--- DESCRIPTION OF THE TASK ---
Pick out the lines below that include the string "stroke".

• • • •

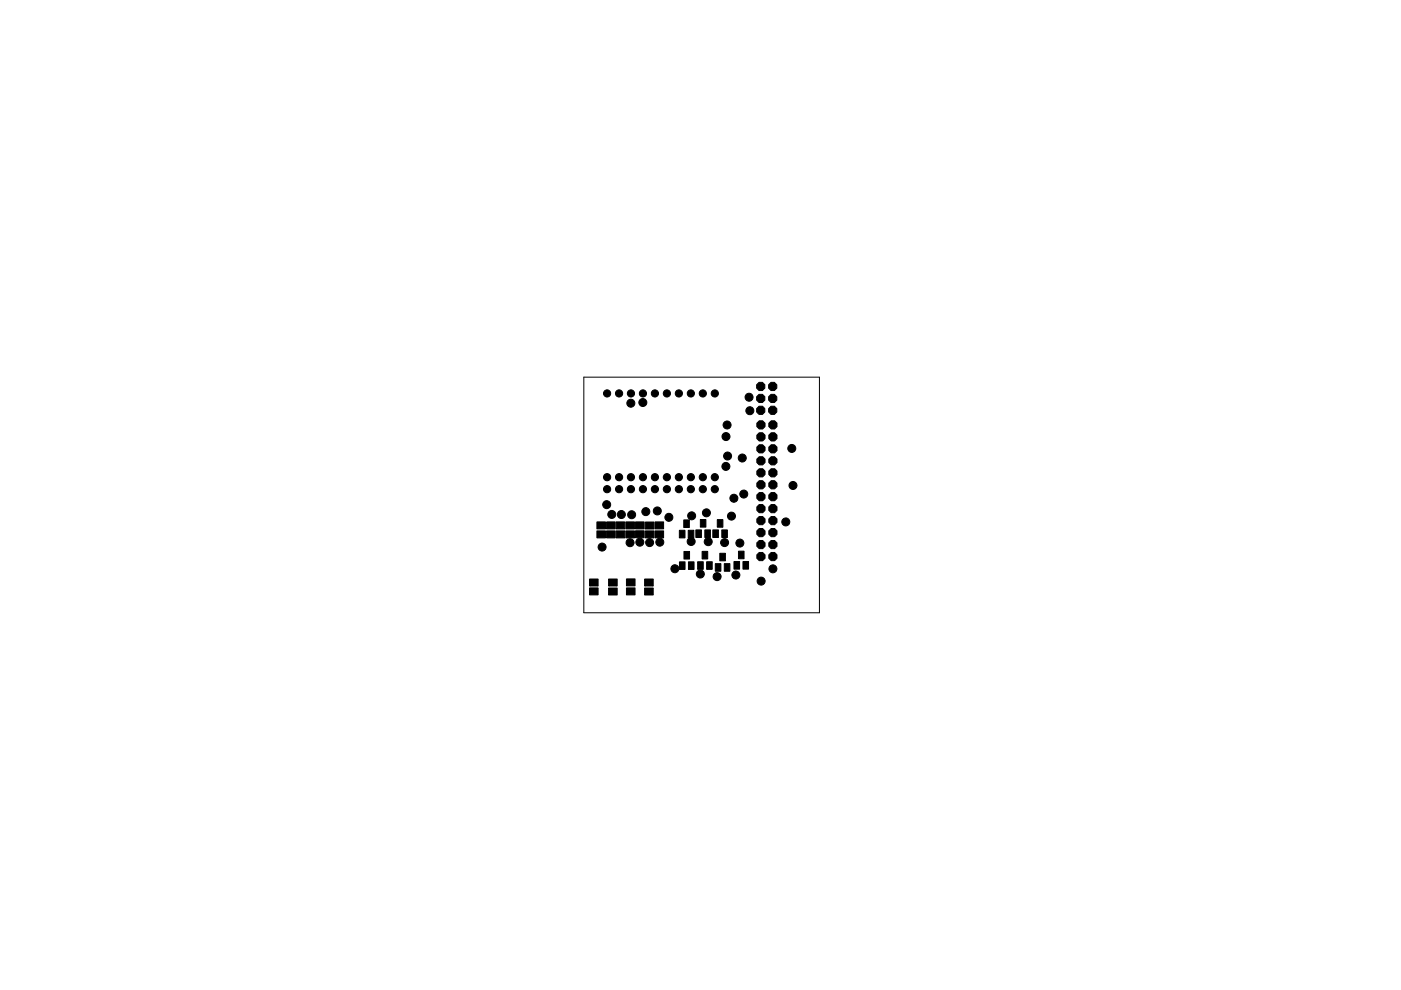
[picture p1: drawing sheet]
<svg xmlns="http://www.w3.org/2000/svg" width="297mm" height="210mm" viewBox="0 0 297 210" stroke-linecap="round" stroke-linejoin="round" font-family="sans-serif">
<g fill="#000" stroke="#000" stroke-width=".21">
<circle cx="128.7" cy="83.4" r=".76"/>
<circle cx="131.3" cy="83.4" r=".76"/>
<circle cx="133.8" cy="85.5" r=".85"/>
<circle cx="133.8" cy="83.4" r=".76"/>
<circle cx="136.3" cy="85.3" r=".85"/>
<circle cx="136.3" cy="83.4" r=".76"/>
<circle cx="138.9" cy="83.4" r=".76"/>
<circle cx="141.4" cy="83.4" r=".76"/>
<circle cx="143.9" cy="83.4" r=".76"/>
<circle cx="146.5" cy="83.4" r=".76"/>
<circle cx="149" cy="83.4" r=".76"/>
<circle cx="151.6" cy="83.4" r=".76"/>
<circle cx="153.9" cy="98.9" r=".85"/>
<circle cx="153.9" cy="92.6" r=".85"/>
<circle cx="154.2" cy="90.1" r=".85"/>
<circle cx="154.3" cy="96.7" r=".85"/>
<circle cx="157.4" cy="97.1" r=".85"/>
<circle cx="158.8" cy="84.2" r=".85"/>
<circle cx="159" cy="87.1" r=".85"/>
<circle cx="167.9" cy="95.1" r=".85"/>
<circle cx="127.7" cy="116" r=".85"/>
<circle cx="128.6" cy="107" r=".85"/>
<circle cx="128.7" cy="103.7" r=".76"/>
<circle cx="128.7" cy="101.2" r=".76"/>
<circle cx="129.7" cy="109.1" r=".85"/>
<circle cx="131.3" cy="103.7" r=".76"/>
<circle cx="131.3" cy="101.2" r=".76"/>
<circle cx="131.7" cy="109.1" r=".85"/>
<circle cx="133.6" cy="115.1" r=".85"/>
<circle cx="133.8" cy="103.7" r=".76"/>
<circle cx="133.8" cy="101.2" r=".76"/>
<circle cx="133.9" cy="109.1" r=".85"/>
<circle cx="135.7" cy="115" r=".85"/>
<circle cx="136.3" cy="103.7" r=".76"/>
<circle cx="136.3" cy="101.2" r=".76"/>
<circle cx="136.9" cy="108.5" r=".85"/>
<circle cx="137.7" cy="115" r=".85"/>
<circle cx="138.9" cy="103.7" r=".76"/>
<circle cx="138.9" cy="101.2" r=".76"/>
<circle cx="139.4" cy="108.3" r=".85"/>
<circle cx="139.9" cy="115" r=".85"/>
<circle cx="141.4" cy="103.7" r=".76"/>
<circle cx="141.4" cy="101.2" r=".76"/>
<circle cx="141.8" cy="109.7" r=".85"/>
<circle cx="143.9" cy="101.2" r=".76"/>
<circle cx="143.9" cy="103.7" r=".76"/>
<circle cx="146.5" cy="101.2" r=".76"/>
<circle cx="146.5" cy="103.7" r=".76"/>
<circle cx="146.5" cy="114.8" r=".85"/>
<circle cx="146.6" cy="109.4" r=".85"/>
<circle cx="149" cy="101.2" r=".76"/>
<circle cx="149" cy="103.7" r=".76"/>
<circle cx="149.8" cy="108.7" r=".85"/>
<circle cx="150.2" cy="114.9" r=".85"/>
<circle cx="151.6" cy="103.7" r=".76"/>
<circle cx="151.6" cy="101.2" r=".76"/>
<circle cx="153.6" cy="115" r=".85"/>
<circle cx="155.1" cy="109.4" r=".85"/>
<circle cx="155.6" cy="105.6" r=".85"/>
<circle cx="156.9" cy="115.1" r=".85"/>
<circle cx="157.7" cy="104.8" r=".85"/>
<circle cx="166.6" cy="110.7" r=".85"/>
<circle cx="168.1" cy="102.9" r=".85"/>
<circle cx="143.1" cy="120.6" r=".85"/>
<circle cx="148.5" cy="121.7" r=".85"/>
<circle cx="152" cy="122.3" r=".85"/>
<circle cx="156" cy="121.9" r=".85"/>
<circle cx="161.4" cy="123.2" r=".85"/>
<circle cx="163.9" cy="120.6" r=".85"/>
</g>
<g fill="#000" stroke="#000" stroke-width=".21">
<path d="M126.6 112.6h1.8v1.4h-1.8zM126.6 110.7h1.8v1.4h-1.8zM128.6 112.6h1.8v1.4h-1.8zM128.6 110.7h1.8v1.4h-1.8zM130.6 112.6h1.9v1.4h-1.9zM130.6 110.7h1.9v1.4h-1.9zM132.7 112.6h1.8v1.4h-1.8zM132.7 110.7h1.8v1.4h-1.8zM134.7 112.5h1.9v1.5h-1.9zM134.7 110.7h1.9v1.4h-1.9zM136.8 112.6h1.8v1.4h-1.8zM136.8 110.7h1.8v1.5h-1.8z"/>
<path d="M138.9 112.6h1.8v1.4h-1.8zM138.9 110.7h1.8v1.4h-1.8zM144 112.4h1.2v1.6h-1.2zM144.1 119.1h1.1v1.6h-1.1zM145 110.2h1.2v1.6h-1.2zM145 116.9h1.2v1.6h-1.2zM145.9 112.4h1.2v1.6h-1.2zM146 119.1h1.2v1.6h-1.2zM147.5 112.4h1.2v1.6h-1.2zM147.9 119.1h1.2v1.6h-1.2zM148.5 110.2h1.2v1.6h-1.2zM148.9 116.9h1.2v1.6h-1.2z"/>
<path d="M149.4 112.4h1.2v1.6h-1.2zM149.8 119.1h1.2v1.6h-1.2zM151.1 112.4h1.2v1.6h-1.2zM151.7 119.5h1.1v1.6h-1.1zM152.1 110.2h1.2v1.6h-1.2zM152.6 117.3h1.2v1.6h-1.2zM153 112.4h1.2v1.6h-1.2zM153.6 119.5h1.1v1.6h-1.1zM155.6 119.1h1.2v1.6h-1.2zM156.6 116.9h1.2v1.6h-1.2zM157.5 119.1h1.2v1.6h-1.2zM125 124.7h1.8v1.4h-1.8z"/>
<path d="M125 122.8h1.8v1.4h-1.8zM129 124.7h1.9v1.5h-1.9zM129 122.8h1.9v1.4h-1.9zM132.8 124.7h1.8v1.4h-1.8zM132.8 122.7h1.8v1.5h-1.8zM136.7 124.7h1.8v1.5h-1.8zM136.7 122.8h1.8v1.4h-1.8z"/>
<circle cx="161.3" cy="87" r=".94"/>
<circle cx="161.3" cy="84.5" r=".94"/>
<circle cx="161.3" cy="81.9" r=".94"/>
<circle cx="161.3" cy="97.7" r=".94"/>
<circle cx="161.3" cy="92.6" r=".94"/>
<circle cx="161.3" cy="95.2" r=".94"/>
<circle cx="161.3" cy="90.1" r=".94"/>
<circle cx="163.8" cy="81.9" r=".94"/>
<circle cx="163.8" cy="87" r=".94"/>
<circle cx="163.8" cy="84.5" r=".94"/>
<circle cx="163.9" cy="95.2" r=".94"/>
<circle cx="163.9" cy="97.7" r=".94"/>
<circle cx="163.9" cy="90.1" r=".94"/>
<circle cx="163.9" cy="92.6" r=".94"/>
<circle cx="161.3" cy="110.4" r=".94"/>
<circle cx="161.3" cy="100.2" r=".94"/>
<circle cx="161.3" cy="115.5" r=".94"/>
<circle cx="161.3" cy="107.8" r=".94"/>
<circle cx="161.3" cy="102.8" r=".94"/>
<circle cx="161.3" cy="112.9" r=".94"/>
<circle cx="161.3" cy="118" r=".94"/>
<circle cx="161.3" cy="105.3" r=".94"/>
<circle cx="163.9" cy="115.5" r=".94"/>
<circle cx="163.9" cy="107.8" r=".94"/>
<circle cx="163.9" cy="112.9" r=".94"/>
<circle cx="163.9" cy="110.4" r=".94"/>
<circle cx="163.9" cy="118" r=".94"/>
<circle cx="163.9" cy="105.3" r=".94"/>
<circle cx="163.9" cy="102.8" r=".94"/>
<circle cx="163.9" cy="100.2" r=".94"/>
</g>
<path d="M123.8 80h49.9v49.9h-49.9z" fill="none" stroke="#000" stroke-width=".21"/>
</svg>

• • • •

--- SOLUTION ---
<svg xmlns="http://www.w3.org/2000/svg" width="297mm" height="210mm" viewBox="0 0 297 210" stroke-linecap="round" stroke-linejoin="round" font-family="sans-serif">
<g fill="#000" stroke="#000" stroke-width=".21">
<g fill="#000" stroke="#000" stroke-width=".21">
<path d="M123.8 80h49.9v49.9h-49.9z" fill="none" stroke="#000" stroke-width=".21"/>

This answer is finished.